Nicht alles lief immer rund bei Wälti. Im Frühling 2023 etwa nahm sie sich mitten in der Saison eine Auszeit, musste sie sich nehmen, weil es ihr psychisch nicht gut ging. Die Pause war kurz, doch nötig – um zu merken, dass auch ihre Kräfte nicht unendlich sind. Welchen Preis zahlt Wälti für ihr Profi-Dasein? «Das werde ich nach der Karriere reflektierter beantworten können», sagt sie. Darüber, dass sie wenig bis kaum freie Zeit habe, ihre Liebsten kaum sehe, früh von zu Hause weg musste, möchte sie sich nicht beschweren. Diesen Weg habe sie gewählt. 

«Worüber mir zu sprechen wichtiger ist: Der mentale Preis ist gross.» Der Frauenfussball wachse gerade so extrem, «das kann auf Kosten der mentalen Gesundheit gehen, wenn man nicht lernt, mit Druck umzugehen». Es brauche ein dickes Fell. Und die Erkenntnis, wann eine Pause nötig sei.

Die Kehrseite der Popularität

Auf die Frage, was richtig läuft im Frauenfussball, wird Wälti nachdenklich. «Viele Vereine erkennen, dass es Zeit für einen Kulturwandel ist. Die Löhne werden langsam besser, die Infrastrukturen können – zumindest hier in England – endlich auch von uns Spielerinnen genutzt werden.» Nun spielten auch die Frauen in den grossen Stadien. Vor zehntausenden Fans. 

Lia Wälti
Schief läuft es konkret überall dort, wo Frauen nicht die gleichen Bedingungen haben wie Männer.

England gilt als das Vorzeigeland im Frauenfussball, jedes Team in der Premier League hat ein Frauenteam. England hat in den letzten Jahren konsequent in Frauenfussball investiert, das beginne sich auszuzahlen. «Das gibt eine schöne Kettenreaktion, mit der steigenden Bekanntheit der Frauen steigen auch die Einnahmen», sagt Wälti. «Ich glaube daran, dass sich die Fussballbranche weiterentwickelt, sofern konsequent auch in Frauen investiert wird.» 

Die Kehrseite: Durch die zunehmende Popularität des Frauenfussballs, den Werte wie Toleranz bezüglich Sexualität oder Herkunft auszeichnen, steigt der Hass in sozialen Medien. Davor warnen verschiedene Spielerinnen.
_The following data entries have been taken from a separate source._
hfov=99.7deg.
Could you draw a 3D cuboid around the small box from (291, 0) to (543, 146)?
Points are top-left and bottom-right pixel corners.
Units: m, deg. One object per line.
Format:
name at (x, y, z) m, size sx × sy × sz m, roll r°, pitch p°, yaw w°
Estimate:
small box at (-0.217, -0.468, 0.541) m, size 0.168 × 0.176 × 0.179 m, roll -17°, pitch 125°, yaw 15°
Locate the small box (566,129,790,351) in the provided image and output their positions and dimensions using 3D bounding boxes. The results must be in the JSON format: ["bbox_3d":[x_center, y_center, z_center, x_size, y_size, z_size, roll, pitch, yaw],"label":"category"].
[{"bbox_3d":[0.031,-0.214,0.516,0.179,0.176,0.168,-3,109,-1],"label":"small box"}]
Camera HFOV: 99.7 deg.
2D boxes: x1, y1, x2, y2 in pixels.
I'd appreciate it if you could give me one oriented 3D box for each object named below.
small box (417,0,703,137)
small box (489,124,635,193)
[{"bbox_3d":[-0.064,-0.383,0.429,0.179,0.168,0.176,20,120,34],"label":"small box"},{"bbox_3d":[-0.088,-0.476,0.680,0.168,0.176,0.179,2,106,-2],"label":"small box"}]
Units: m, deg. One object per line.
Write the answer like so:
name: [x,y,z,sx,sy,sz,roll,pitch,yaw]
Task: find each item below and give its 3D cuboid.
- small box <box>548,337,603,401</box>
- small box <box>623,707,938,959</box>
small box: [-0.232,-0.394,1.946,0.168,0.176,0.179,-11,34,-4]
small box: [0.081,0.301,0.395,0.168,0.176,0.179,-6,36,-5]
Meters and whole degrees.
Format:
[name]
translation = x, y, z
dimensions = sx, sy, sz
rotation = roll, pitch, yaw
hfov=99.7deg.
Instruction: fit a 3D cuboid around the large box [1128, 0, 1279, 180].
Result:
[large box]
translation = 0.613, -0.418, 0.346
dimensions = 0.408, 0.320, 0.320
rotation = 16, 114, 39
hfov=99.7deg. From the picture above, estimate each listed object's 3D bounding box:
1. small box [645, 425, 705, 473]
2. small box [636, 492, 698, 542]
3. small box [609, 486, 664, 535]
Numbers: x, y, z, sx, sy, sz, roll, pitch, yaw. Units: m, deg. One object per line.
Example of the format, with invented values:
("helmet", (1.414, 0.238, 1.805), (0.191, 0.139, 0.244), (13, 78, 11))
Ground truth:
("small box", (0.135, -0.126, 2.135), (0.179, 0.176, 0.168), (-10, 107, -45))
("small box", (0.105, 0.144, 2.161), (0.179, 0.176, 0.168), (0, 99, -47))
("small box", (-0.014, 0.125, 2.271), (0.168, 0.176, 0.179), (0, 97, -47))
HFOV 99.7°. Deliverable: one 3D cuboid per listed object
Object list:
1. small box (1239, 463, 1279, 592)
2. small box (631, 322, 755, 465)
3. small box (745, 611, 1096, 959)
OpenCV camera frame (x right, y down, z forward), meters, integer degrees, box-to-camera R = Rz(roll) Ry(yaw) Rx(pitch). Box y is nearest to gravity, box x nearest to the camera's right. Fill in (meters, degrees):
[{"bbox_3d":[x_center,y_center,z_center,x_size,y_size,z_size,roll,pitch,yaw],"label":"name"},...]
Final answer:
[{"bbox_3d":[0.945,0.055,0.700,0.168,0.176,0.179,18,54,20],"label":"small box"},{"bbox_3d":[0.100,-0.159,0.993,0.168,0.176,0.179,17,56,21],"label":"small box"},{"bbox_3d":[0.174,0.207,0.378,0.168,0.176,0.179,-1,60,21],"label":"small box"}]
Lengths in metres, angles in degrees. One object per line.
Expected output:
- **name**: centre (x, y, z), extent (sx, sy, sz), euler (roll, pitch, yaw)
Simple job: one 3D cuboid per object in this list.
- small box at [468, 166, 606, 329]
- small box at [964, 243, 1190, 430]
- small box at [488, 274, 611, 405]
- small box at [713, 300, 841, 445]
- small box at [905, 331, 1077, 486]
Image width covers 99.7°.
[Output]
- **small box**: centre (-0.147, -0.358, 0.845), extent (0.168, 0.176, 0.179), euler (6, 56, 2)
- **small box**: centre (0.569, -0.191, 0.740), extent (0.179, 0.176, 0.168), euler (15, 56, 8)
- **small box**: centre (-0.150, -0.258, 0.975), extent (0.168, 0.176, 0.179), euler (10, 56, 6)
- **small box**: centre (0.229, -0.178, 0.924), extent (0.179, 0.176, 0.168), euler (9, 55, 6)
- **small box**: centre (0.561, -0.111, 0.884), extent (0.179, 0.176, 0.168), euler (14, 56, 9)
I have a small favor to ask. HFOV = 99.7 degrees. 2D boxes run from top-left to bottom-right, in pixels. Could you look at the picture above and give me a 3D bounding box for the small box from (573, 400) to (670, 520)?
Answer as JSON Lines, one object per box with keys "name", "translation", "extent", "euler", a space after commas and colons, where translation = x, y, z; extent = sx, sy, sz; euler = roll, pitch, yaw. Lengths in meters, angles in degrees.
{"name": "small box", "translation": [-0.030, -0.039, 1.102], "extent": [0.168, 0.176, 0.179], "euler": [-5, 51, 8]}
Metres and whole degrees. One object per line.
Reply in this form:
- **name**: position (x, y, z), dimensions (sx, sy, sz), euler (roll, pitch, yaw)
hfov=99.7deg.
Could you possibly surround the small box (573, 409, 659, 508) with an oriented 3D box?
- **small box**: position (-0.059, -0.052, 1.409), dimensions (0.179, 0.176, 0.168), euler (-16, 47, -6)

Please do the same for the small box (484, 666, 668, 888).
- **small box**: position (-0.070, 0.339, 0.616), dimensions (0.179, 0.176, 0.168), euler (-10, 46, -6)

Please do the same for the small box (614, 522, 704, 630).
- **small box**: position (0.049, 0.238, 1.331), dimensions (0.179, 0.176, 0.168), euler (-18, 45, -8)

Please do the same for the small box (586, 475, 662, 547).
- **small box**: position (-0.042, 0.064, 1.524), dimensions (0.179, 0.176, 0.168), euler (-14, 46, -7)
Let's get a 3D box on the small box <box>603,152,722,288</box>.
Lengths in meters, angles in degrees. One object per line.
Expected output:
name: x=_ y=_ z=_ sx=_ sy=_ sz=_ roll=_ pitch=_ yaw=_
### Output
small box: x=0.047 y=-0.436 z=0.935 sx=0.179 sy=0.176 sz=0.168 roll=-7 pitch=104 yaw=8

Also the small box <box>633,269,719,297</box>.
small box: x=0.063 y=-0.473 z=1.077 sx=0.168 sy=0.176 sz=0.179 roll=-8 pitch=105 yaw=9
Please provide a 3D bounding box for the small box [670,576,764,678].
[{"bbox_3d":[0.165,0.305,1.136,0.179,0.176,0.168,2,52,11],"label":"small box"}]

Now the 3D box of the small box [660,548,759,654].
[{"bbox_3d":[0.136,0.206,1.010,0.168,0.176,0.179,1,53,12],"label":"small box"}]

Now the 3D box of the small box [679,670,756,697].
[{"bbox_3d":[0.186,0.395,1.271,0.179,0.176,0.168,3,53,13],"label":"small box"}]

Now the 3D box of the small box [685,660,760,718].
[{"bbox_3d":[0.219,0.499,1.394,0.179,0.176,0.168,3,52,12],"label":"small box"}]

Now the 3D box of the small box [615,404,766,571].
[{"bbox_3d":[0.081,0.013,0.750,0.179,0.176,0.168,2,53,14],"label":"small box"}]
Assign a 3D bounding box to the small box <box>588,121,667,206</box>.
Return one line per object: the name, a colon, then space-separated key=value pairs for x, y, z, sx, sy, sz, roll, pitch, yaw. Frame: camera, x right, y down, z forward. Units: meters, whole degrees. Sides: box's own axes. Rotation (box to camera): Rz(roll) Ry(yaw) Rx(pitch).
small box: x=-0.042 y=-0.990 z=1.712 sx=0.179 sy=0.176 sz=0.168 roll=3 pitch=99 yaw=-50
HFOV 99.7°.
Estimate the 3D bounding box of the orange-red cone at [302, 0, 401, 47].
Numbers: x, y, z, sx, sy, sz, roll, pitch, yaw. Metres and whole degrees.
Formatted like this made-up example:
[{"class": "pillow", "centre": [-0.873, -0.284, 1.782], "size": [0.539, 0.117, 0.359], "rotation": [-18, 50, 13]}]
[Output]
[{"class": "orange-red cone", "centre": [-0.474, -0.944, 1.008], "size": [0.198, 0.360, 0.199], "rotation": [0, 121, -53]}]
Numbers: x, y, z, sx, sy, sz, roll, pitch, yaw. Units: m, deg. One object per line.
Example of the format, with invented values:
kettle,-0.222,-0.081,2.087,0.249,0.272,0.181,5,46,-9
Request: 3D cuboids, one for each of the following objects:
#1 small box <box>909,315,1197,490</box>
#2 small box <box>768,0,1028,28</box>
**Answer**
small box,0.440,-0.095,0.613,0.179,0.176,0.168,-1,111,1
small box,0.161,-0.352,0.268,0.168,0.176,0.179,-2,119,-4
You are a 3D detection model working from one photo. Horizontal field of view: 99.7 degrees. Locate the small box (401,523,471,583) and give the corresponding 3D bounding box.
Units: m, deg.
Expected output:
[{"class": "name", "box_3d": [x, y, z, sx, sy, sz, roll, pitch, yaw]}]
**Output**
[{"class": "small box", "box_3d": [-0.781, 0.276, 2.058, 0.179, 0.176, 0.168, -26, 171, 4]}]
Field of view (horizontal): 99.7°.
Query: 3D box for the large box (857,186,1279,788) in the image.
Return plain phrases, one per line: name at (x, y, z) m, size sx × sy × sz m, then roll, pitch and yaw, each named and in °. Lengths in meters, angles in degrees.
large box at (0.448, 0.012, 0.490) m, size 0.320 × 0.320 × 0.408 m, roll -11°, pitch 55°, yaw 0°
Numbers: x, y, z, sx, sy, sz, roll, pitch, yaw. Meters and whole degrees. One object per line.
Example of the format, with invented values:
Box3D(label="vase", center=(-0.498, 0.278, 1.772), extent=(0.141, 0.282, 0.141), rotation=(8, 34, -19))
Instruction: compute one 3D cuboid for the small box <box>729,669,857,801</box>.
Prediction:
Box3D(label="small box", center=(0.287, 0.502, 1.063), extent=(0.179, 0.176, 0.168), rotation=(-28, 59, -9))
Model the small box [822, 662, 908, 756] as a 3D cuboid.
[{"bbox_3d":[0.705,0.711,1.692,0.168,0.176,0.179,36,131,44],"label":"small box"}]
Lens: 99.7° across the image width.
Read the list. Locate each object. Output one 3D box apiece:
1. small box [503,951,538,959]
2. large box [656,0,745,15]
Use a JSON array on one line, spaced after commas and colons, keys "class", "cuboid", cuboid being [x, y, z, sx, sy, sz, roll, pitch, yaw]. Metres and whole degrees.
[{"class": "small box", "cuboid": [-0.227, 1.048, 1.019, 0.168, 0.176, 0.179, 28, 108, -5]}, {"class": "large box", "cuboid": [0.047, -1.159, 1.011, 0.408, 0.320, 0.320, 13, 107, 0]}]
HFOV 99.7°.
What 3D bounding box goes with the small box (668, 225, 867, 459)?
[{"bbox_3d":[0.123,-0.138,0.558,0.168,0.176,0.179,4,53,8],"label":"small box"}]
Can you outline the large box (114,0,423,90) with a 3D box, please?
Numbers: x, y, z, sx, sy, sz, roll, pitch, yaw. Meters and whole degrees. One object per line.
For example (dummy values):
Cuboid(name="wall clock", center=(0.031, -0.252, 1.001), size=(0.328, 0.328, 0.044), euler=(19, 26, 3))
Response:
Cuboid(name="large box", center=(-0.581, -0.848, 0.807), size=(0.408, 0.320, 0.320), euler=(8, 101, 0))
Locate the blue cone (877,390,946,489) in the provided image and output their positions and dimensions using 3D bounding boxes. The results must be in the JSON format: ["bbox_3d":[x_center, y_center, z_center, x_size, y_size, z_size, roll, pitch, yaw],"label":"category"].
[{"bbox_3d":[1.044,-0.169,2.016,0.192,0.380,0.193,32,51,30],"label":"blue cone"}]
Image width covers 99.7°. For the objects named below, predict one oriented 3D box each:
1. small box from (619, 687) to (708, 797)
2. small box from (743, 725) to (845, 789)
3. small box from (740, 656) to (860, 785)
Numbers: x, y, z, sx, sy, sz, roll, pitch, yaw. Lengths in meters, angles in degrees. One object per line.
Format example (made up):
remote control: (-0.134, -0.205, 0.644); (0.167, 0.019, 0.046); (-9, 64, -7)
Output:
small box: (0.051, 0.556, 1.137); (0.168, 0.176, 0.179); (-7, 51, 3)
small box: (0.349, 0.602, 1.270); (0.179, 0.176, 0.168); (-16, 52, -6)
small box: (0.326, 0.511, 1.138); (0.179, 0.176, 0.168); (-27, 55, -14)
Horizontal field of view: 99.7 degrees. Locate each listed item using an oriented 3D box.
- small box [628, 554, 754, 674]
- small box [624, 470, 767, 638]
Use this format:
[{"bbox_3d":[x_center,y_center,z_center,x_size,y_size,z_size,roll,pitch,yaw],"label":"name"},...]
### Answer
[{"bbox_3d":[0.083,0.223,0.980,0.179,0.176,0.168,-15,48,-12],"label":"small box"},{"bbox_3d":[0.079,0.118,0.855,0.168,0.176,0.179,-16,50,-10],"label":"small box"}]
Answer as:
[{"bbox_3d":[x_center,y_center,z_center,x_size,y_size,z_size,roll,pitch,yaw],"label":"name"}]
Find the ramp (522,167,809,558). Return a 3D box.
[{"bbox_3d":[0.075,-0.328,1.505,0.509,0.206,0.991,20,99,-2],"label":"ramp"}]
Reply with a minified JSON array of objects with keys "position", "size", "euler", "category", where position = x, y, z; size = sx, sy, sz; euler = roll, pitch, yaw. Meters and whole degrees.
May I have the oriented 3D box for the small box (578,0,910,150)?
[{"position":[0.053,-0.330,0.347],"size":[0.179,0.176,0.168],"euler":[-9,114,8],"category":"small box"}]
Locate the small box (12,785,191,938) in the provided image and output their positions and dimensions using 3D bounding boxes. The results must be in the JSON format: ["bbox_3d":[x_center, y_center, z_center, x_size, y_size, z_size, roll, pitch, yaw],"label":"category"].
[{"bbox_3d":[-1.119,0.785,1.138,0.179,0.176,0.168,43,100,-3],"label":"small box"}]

Auch Wälti liest deshalb keine Kommentare auf Social Media mehr.

Überhaupt, schief liefe es weltweit gesehen noch an vielen Orten, auch in der realen Welt, «konkret überall dort, wo Frauen nicht die gleichen Bedingungen haben wie Männer». Überall dort auch, wo sexuelle Übergriffe noch immer verbreitet sind – Stichwort spanische Nati-Spielerin Jenni Hermoso. Nach der WM 2023 hat Spaniens Verbandspräsident sie ohne ihre Einwilligung auf den Mund geküsst.

Luft nach oben gibt es zudem nach wie vor bei der Sichtbarkeit der Frauen verglichen mit den Männern, bei den Zuschauerzahlen, in den Entscheidungsgremien und an den Spitzen der Clubs – und, vor allem, bei den Gehältern.

«Ich lebe im Hier und Jetzt»

Wälti studiert BWL und Sportmanagement, zudem lässt sie sich zur Trainerin ausbilden. Wo sieht sie sich in zehn Jahren? Die Frage bringt sie zum Lachen. «Keine Ahnung. Ich lebe im Hier und Jetzt.» Sie habe in ihrer Karriere gelernt, dass sich alles schnell ändern könne. «Ich finde, wenn ich mir zu viele Gedanken über die Zukunft mache, verpasse ich es, den Moment zu geniessen.» 

Sicher wisse sie: Sie möchte reisen und irgendwann eine Familie gründen. «Und einen Job finden, der mich genauso erfüllt wie Fussballspielen. Obwohl das schwierig werden dürfte.»